21. A diaphragm comprising:

first and second sheets joined together substantially at their peripheries to form an air-tight seal along the periphery of the diaphragm with an internal space between inner facing surfaces of the first and second sheets and the air-tight seal along the diaphragm periphery;

a first opening in the first sheet;

a second opening in the second sheet; and

first and second cover layers respectively located on the inner surfaces of the first and second layers over the first and second openings to uncover the openings during movement of the diaphragm.

22. A diaphragm as in claim 20 or 21, wherein the thickness of the first and second sheets is approximately 0.005 inch.

23. A diaphragm as in claim 20 or 21, wherein the diameter of the first and second openings is approximately 1/32 inch.

24. A diaphragm as in claim 20 or 21, wherein the first sheet is convex and the second sheet is concave.

25. A diaphragm as in claim 20 or 21, wherein the first and second sheets are convex.

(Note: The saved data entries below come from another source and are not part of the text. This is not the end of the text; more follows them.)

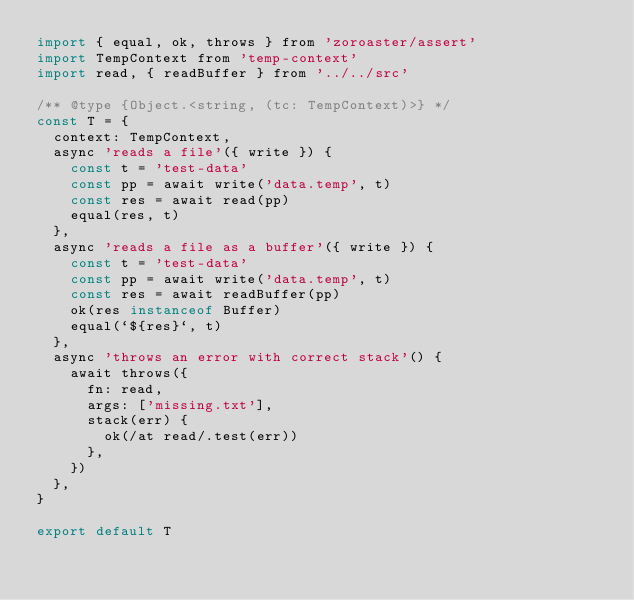<code> <loc_0><loc_0><loc_500><loc_500><_JavaScript_>import { equal, ok, throws } from 'zoroaster/assert'
import TempContext from 'temp-context'
import read, { readBuffer } from '../../src'

/** @type {Object.<string, (tc: TempContext)>} */
const T = {
  context: TempContext,
  async 'reads a file'({ write }) {
    const t = 'test-data'
    const pp = await write('data.temp', t)
    const res = await read(pp)
    equal(res, t)
  },
  async 'reads a file as a buffer'({ write }) {
    const t = 'test-data'
    const pp = await write('data.temp', t)
    const res = await readBuffer(pp)
    ok(res instanceof Buffer)
    equal(`${res}`, t)
  },
  async 'throws an error with correct stack'() {
    await throws({
      fn: read,
      args: ['missing.txt'],
      stack(err) {
        ok(/at read/.test(err))
      },
    })
  },
}

export default T</code> 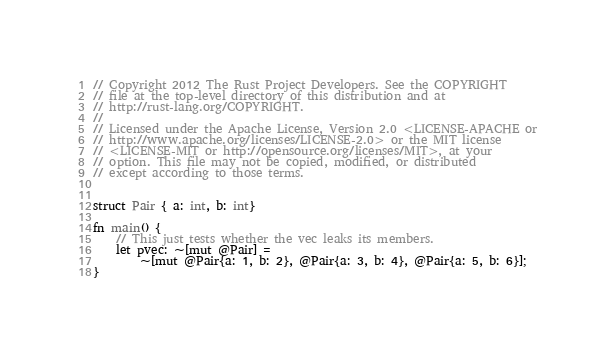Convert code to text. <code><loc_0><loc_0><loc_500><loc_500><_Rust_>// Copyright 2012 The Rust Project Developers. See the COPYRIGHT
// file at the top-level directory of this distribution and at
// http://rust-lang.org/COPYRIGHT.
//
// Licensed under the Apache License, Version 2.0 <LICENSE-APACHE or
// http://www.apache.org/licenses/LICENSE-2.0> or the MIT license
// <LICENSE-MIT or http://opensource.org/licenses/MIT>, at your
// option. This file may not be copied, modified, or distributed
// except according to those terms.


struct Pair { a: int, b: int}

fn main() {
    // This just tests whether the vec leaks its members.
    let pvec: ~[mut @Pair] =
        ~[mut @Pair{a: 1, b: 2}, @Pair{a: 3, b: 4}, @Pair{a: 5, b: 6}];
}
</code> 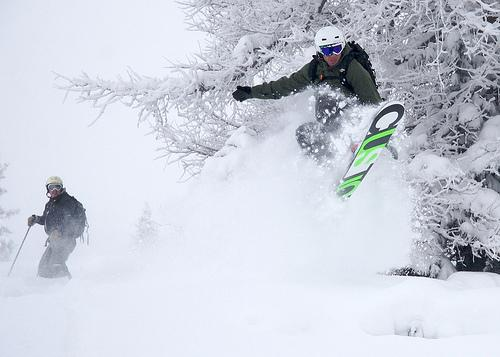How many people are present in the image, and provide a brief description of what they are doing. Two people; one man snowboarding in the air, and another man standing on the ground holding ski poles. Describe the snowboard's design and colors, and any words or letters on it. The snowboard is white, black, and green, with green and black letters on its bottom. What is the color and type of gloves worn by the man in the image? Green and black ski gloves. What type of footwear is attached to the man's feet, and what are its colors? A snowboard with white, black, and green colors. Identify the main activity taking place in the image and the person performing it. A man snowboarding on a mountain, performing a trick in the air. List any noticeable objects in the air in the image. A cloud of snow and a snowboarder through kicked-up snow. What kind of tree is covered with snow in the image? A large pine tree covered in ice and snow. What are the primary colors of the snowboarder's outfit and accessories? Green jacket, white helmet, blue goggles, black backpack, and green and black gloves. Explain how the man snowboarding is maintaining his balance. By stretching one hand out and having the snowboard attached to his feet. Briefly describe the setting and weather condition in the image. A snow-covered mountain with overcast skies in winter and snow-covered trees. How is the snowboard affixed? It is attached to the man's feet. Which item does the man wear on his head? A white ski helmet Attend to the man's attire and describe any visible additions meant for safety or protection. The man wears a white safety helmet, blue goggles, and a green and black glove on his hand. Combine elements from the image to create a multiline poem celebrating snowboarding. Man on snowboard in the wintery air, Describe the color of the gloves on the man's hand. Green and black What season is it in the image? Winter Examine the text on the snowboard and describe its appearances. The bottom of the snowboard shows green and black letters. Identify the man's snowboard colors and design. White, black, green, with green, and black letters. What is the color of the helmet? White Which of these best describes the activity in the image? a) Man skiing, b) Man snowboarding, c) Man playing basketball, d) Man scuba diving b) Man snowboarding What color are the goggles wore by the person? Blue What can be said about the trees in the scene? They are covered in snow and ice. Inform about the accessories the skier possesses. The skier has a black backpack, black ski gloves, and is holding a black ski pole. Provide a vivid description of the scene, including details about the location, season, and weather. It is a snowy winter day on a mountain, with snow covering the ground, pine trees, and tree limbs. The sky is overcast, and there is a cloud of snow in the air. Analyze the scene to determine the main activity taking place. A snowboarder catching air and performing a trick. What is happening with the snow-border?  The snowboarder is in the air, kicking up snow and performing a trick. Detail the aspects of the man's outfit that aid in the cold weather. He has a white helmet, blue goggles, green and black gloves, and is dressed in a green jacket and black coat. Visualize the snow-covered landscape and describe any unique features. Large tree covered in ice and snow, snow-covered floor, snow covered pine tree, and snow kicked up by the snowboarder. 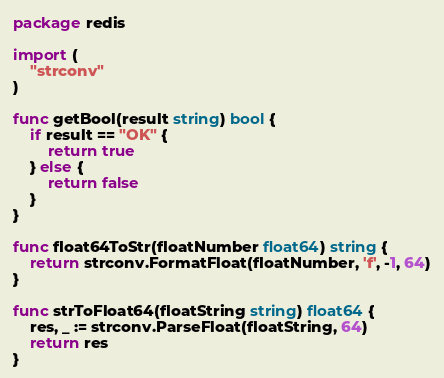Convert code to text. <code><loc_0><loc_0><loc_500><loc_500><_Go_>package redis

26. A diaphragm as in claim 20 or 21, wherein the first and second sheets are formed of a polycarbonate plastic.

27. A diaphragm as in claim 20 or 21, wherein the cover layers are formed of cellophane.

28. A diaphragm as in claim 27, wherein the thickness of the cover layers is approximately 0.001 inch.

29. A diaphragm as in claim 20 or 21, further comprising current conduction means formed around the peripheral edge of the diaphragm.

30. A diaphragm as in claim 29, wherein the current conduction means is a coil formed of Litz wire.

31. A diaphragm as in claim 29, wherein the current conduction means is a coil formed with windings spaced apart from one another by a distance D approximately equal to the thickness of the windings, wherein the distance D is set to reduce the capacitance between the windings during operation of the diaphragm.

32. A diaphragm as in claim 29, wherein the first and second sheets are joined together substantially at their peripheries in a manner to provide a region between the first and second sheets outside of the internal space formed by an air-tight seal, which region extends around the periphery of the diaphragm, wherein the current conduction means is located in this region between the first and second sheets.

33. An electroacoustic transducer comprising:

a diaphragm;

tubular shaped current conduction means comprising a Litz wire coil secured to said diaphragm along a peripheral edge thereof;

concentric tubular shaped open ended magnetic flux translative elements providing at least one tubular shaped air gap therebetween for receiving said current conduction means; and

permanent magnet means mounted between said elements for providing concentric magnetic flux from said permanent magnet means through said air gap and said elements.

34. An electroacoustic transducer comprising:

a diaphragm;

tubular shaped current conduction means comprising a coil with windings spaced apart from one another by a distance D approximately equal to the thickness of the windings secured to said diaphragm along a peripheral edge thereof;

concentric tubular shaped open ended magnetic flux translative elements providing at least one tubular shaped air gap therebetween for receiving said current conduction means; and

permanent magnet means mounted between said elements for providing concentric magnetic flux from said permanent magnet means through said air gap and said elements,

wherein the distance D is set to reduce the capacitance between the windings during operation of the diaphragm.